Six major questions and 21 subquestions were formulated. The major questions are:
Patient Population and Settings
Patients with cancer-related pain were the subjects of epidemiologic studies and controlled clinical trials. In the present literature review, we define cancer-related pain as pain caused by the disease or its treatment, such as surgery, radiation therapy, or chemotherapy. Patients with post-mastectomy pain were included, as were patients with pain resulting from the side effects of anti-tumor treatment, such as mucositis. Patients with cancer often experience pain from causes unrelated to cancer, and treatment of such pain cannot be omitted from their care. We did not, however, include trials exclusively concerned with the treatment of acute postoperative pain.
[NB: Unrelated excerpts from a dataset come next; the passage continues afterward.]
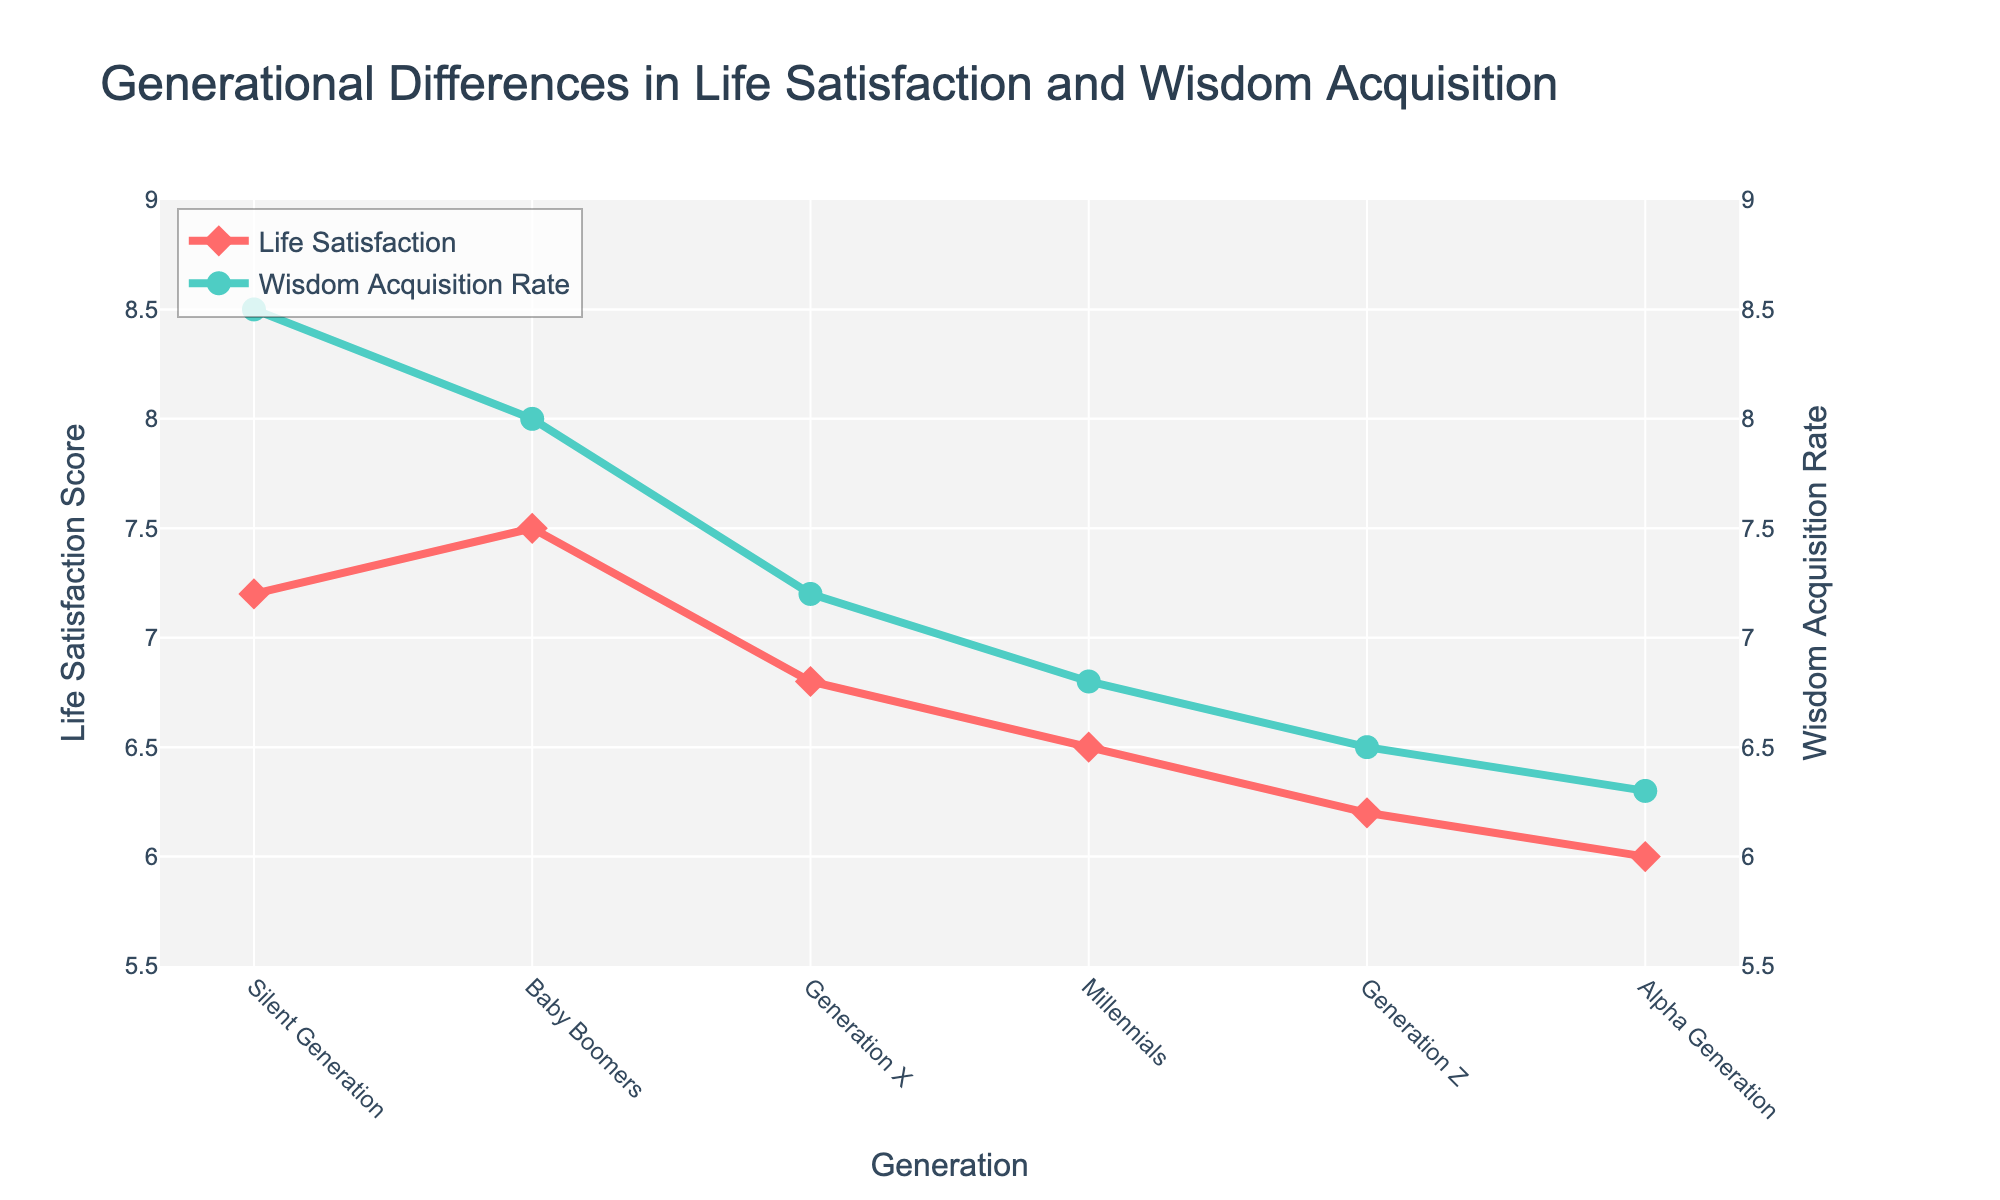What is the trend in Life Satisfaction from the Silent Generation to the Alpha Generation? The trend in Life Satisfaction scores decreases from the Silent Generation to the Alpha Generation. The Silent Generation starts at 7.2 and gradually decreases to 6.0 in the Alpha Generation.
Answer: Decreasing Which generation has the highest Wisdom Acquisition Rate? To identify the generation with the highest Wisdom Acquisition Rate, we look at the highest point on the Wisdom Acquisition line. The Silent Generation has the highest rate at 8.5.
Answer: Silent Generation How does the Wisdom Acquisition Rate of Generation X compare to Millennials? By comparing the points on the Wisdom Acquisition Rate line, we see that Generation X has a rate of 7.2, while Millennials have a rate of 6.8. Therefore, Generation X has a higher rate.
Answer: Generation X has a higher rate What is the average Life Satisfaction score for Baby Boomers and Generation Z? Calculate the average by summing the Life Satisfaction scores of Baby Boomers (7.5) and Generation Z (6.2) and then dividing by 2. (7.5 + 6.2) / 2 = 6.85.
Answer: 6.85 Which generation shows the smallest difference between Life Satisfaction and Wisdom Acquisition Rate? Calculate the difference between Life Satisfaction and Wisdom Acquisition Rate for each generation. The generation with the smallest absolute difference is Baby Boomers, with a difference of
Answer: Baby Boomers What are the Life Satisfaction and Wisdom Acquisition Rates for Millennials? The Life Satisfaction score for Millennials is 6.5, and the Wisdom Acquisition Rate is 6.8. These can be extracted by looking at the respective points on the plot for Millennials.
Answer: Life Satisfaction: 6.5, Wisdom Acquisition Rate: 6.8 Is the Wisdom Acquisition Rate for Alpha Generation higher than that of Generation Z? Compare the rates: Alpha Generation has a rate of 6.3, while Generation Z has a rate of 6.5. Therefore, the Wisdom Acquisition Rate for Alpha Generation is lower.
Answer: No, it is not higher What is the visual difference between the Life Satisfaction line and the Wisdom Acquisition Rate line? The Life Satisfaction line is represented in red with diamond markers, and the Wisdom Acquisition Rate line is in green with circle markers. These visual distinctions help differentiate the two metrics.
Answer: One is red with diamonds, the other is green with circles What is the increase in Wisdom Acquisition Rate from Millennials to Generation X? To find the increase, subtract the Wisdom Acquisition Rate of Millennials (6.8) from Generation X (7.2). 7.2 - 6.8 = 0.4.
Answer: 0.4 How much greater is Baby Boomers' Life Satisfaction compared to Generation Z's? Subtract Generation Z's Life Satisfaction (6.2) from Baby Boomers' (7.5). 7.5 - 6.2 = 1.3.
Answer: 1.3 
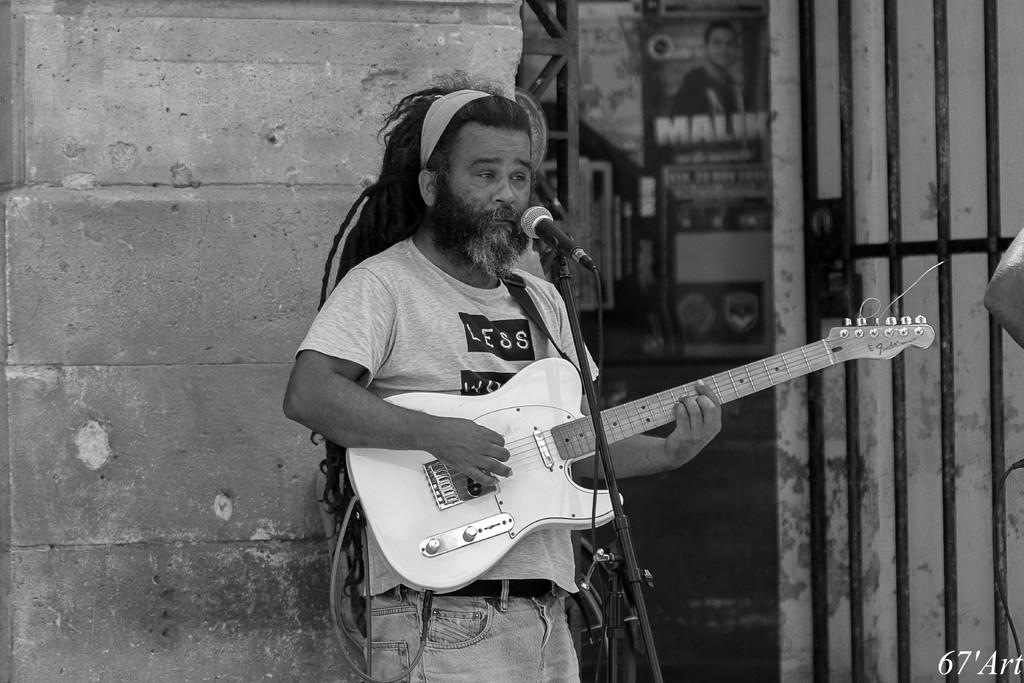What is the main subject of the image? There is a person in the image. What is the person doing in the image? The person is standing in front of a mic. What object is the person holding in the image? The person is holding a guitar. How many babies are visible in the image? A: There are no babies present in the image. What type of card is being used by the person in the image? There is no mention of a card in the image, so it cannot be determined if a card is being used. 
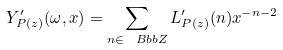<formula> <loc_0><loc_0><loc_500><loc_500>Y ^ { \prime } _ { P ( z ) } ( \omega , x ) = \sum _ { n \in { \ B b b Z } } L ^ { \prime } _ { P ( z ) } ( n ) x ^ { - n - 2 }</formula> 
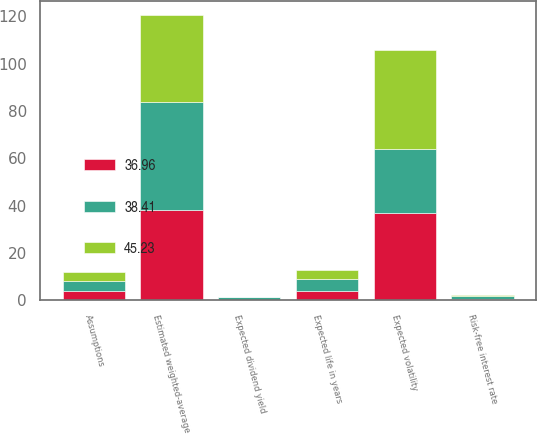Convert chart. <chart><loc_0><loc_0><loc_500><loc_500><stacked_bar_chart><ecel><fcel>Assumptions<fcel>Risk-free interest rate<fcel>Expected life in years<fcel>Expected volatility<fcel>Expected dividend yield<fcel>Estimated weighted-average<nl><fcel>38.41<fcel>4<fcel>1.23<fcel>5<fcel>27<fcel>1.26<fcel>45.23<nl><fcel>36.96<fcel>4<fcel>0.53<fcel>4<fcel>37<fcel>0<fcel>38.41<nl><fcel>45.23<fcel>4<fcel>0.57<fcel>4<fcel>42<fcel>0<fcel>36.96<nl></chart> 
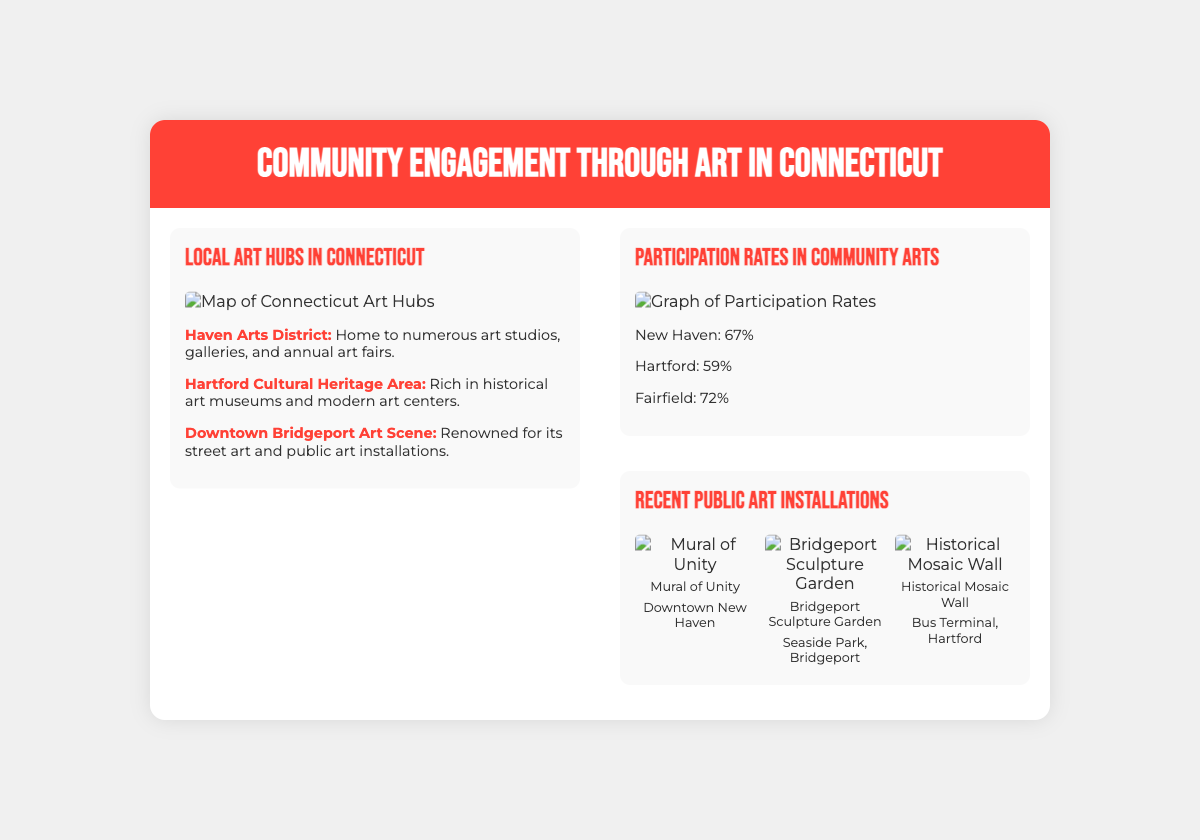What is the title of the presentation? The title of the presentation is mentioned prominently at the top of the slide.
Answer: Community Engagement through Art in Connecticut Which city has the highest participation rate in community arts? The participation rates are provided for several cities, and the highest rate can be identified directly.
Answer: Fairfield What is the name of the mural in Downtown New Haven? The specific name of the mural is mentioned below its image in the visual section.
Answer: Mural of Unity Which art district is home to numerous galleries and art fairs? The information is provided in the map details section about a specific art district.
Answer: Haven Arts District How many public art installations are showcased in the visual section? The document displays a grid of visual items representing public art installations.
Answer: 3 What percentage of participation is reported for New Haven? The percentage for community arts participation in New Haven is listed in the graph section.
Answer: 67% Which park features the Bridgeport Sculpture Garden? The location of the Bridgeport Sculpture Garden is described in the visual item details.
Answer: Seaside Park What color is the header background of the slide? The background color of the header is described in the styling details.
Answer: Red 
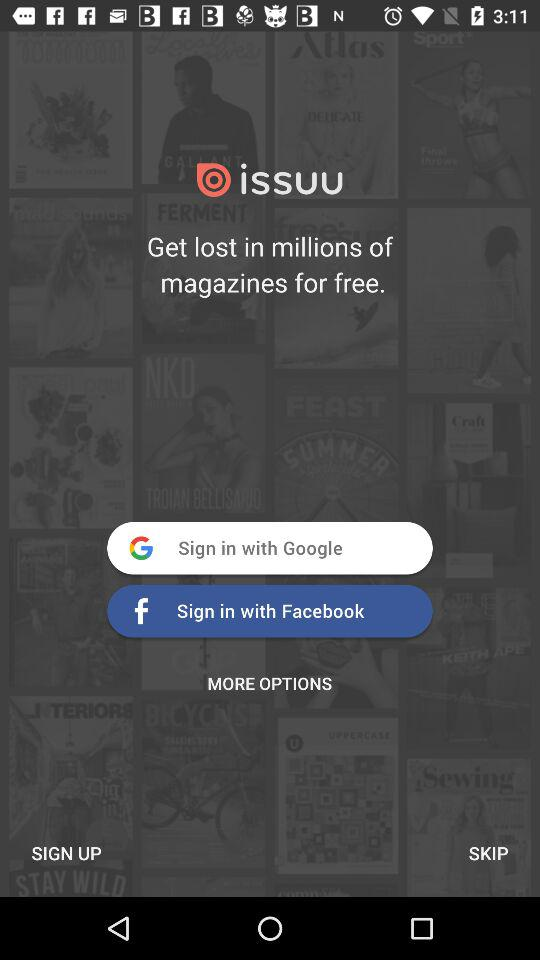Through which applications can we sign in? You can sign in through "Google" and "Facebook". 
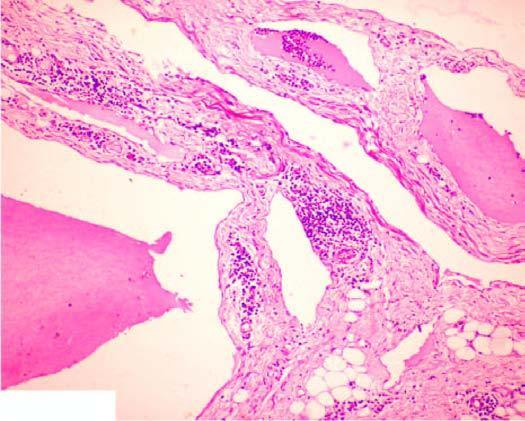what shows scattered collection of lymphocytes?
Answer the question using a single word or phrase. Stroma 
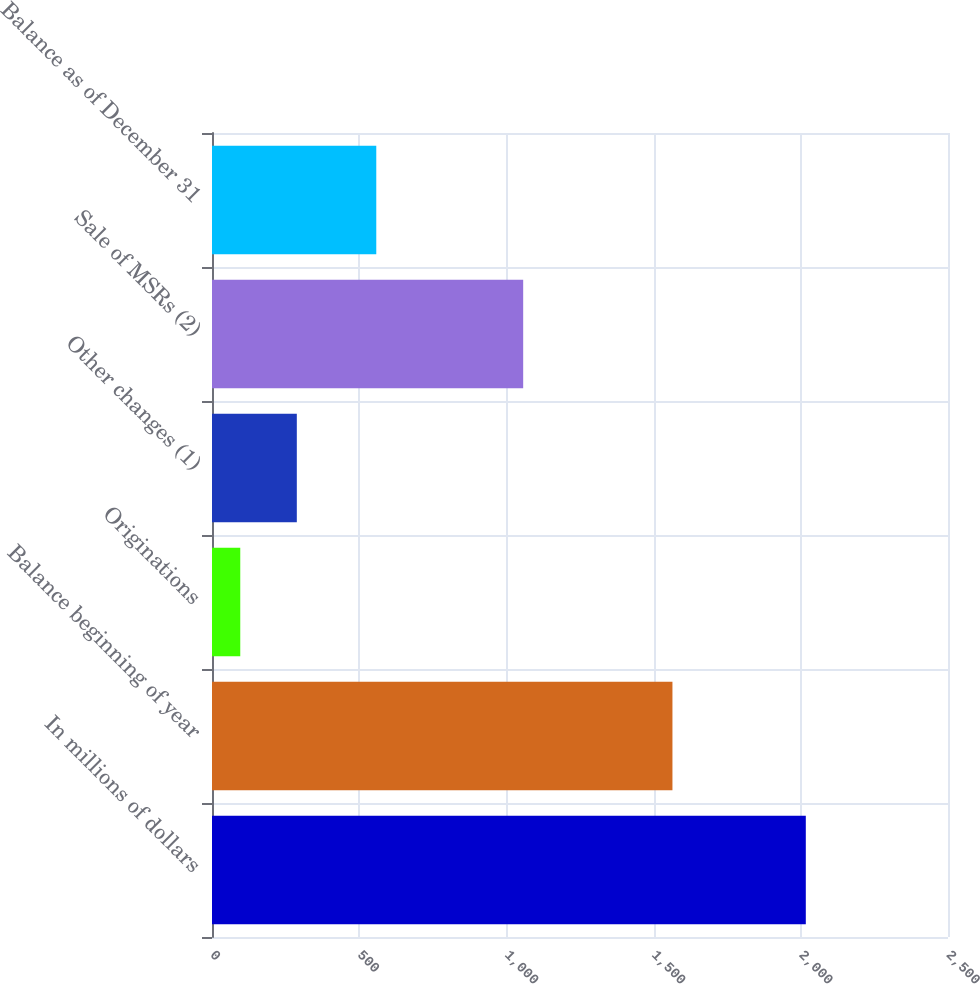Convert chart to OTSL. <chart><loc_0><loc_0><loc_500><loc_500><bar_chart><fcel>In millions of dollars<fcel>Balance beginning of year<fcel>Originations<fcel>Other changes (1)<fcel>Sale of MSRs (2)<fcel>Balance as of December 31<nl><fcel>2017<fcel>1564<fcel>96<fcel>288.1<fcel>1057<fcel>558<nl></chart>

We performed a systematic review of the best available evidence to address the above questions. Cancer disease burden and the prevalence of cancer-related pain were estimated from epidemiologic surveys. MEDLINE, CancerLit, and Cochrane Controlled Trials Registry databases between 1966 and December 1998 were searched using a sensitive search strategy for English-language human studies. Titles and abstracts of the retrieved citations were manually screened to identify potentially relevant studies. We consulted the technical experts and colleagues and examined the bibliographies of selected review articles and published meta-analyses on this subject for additional references.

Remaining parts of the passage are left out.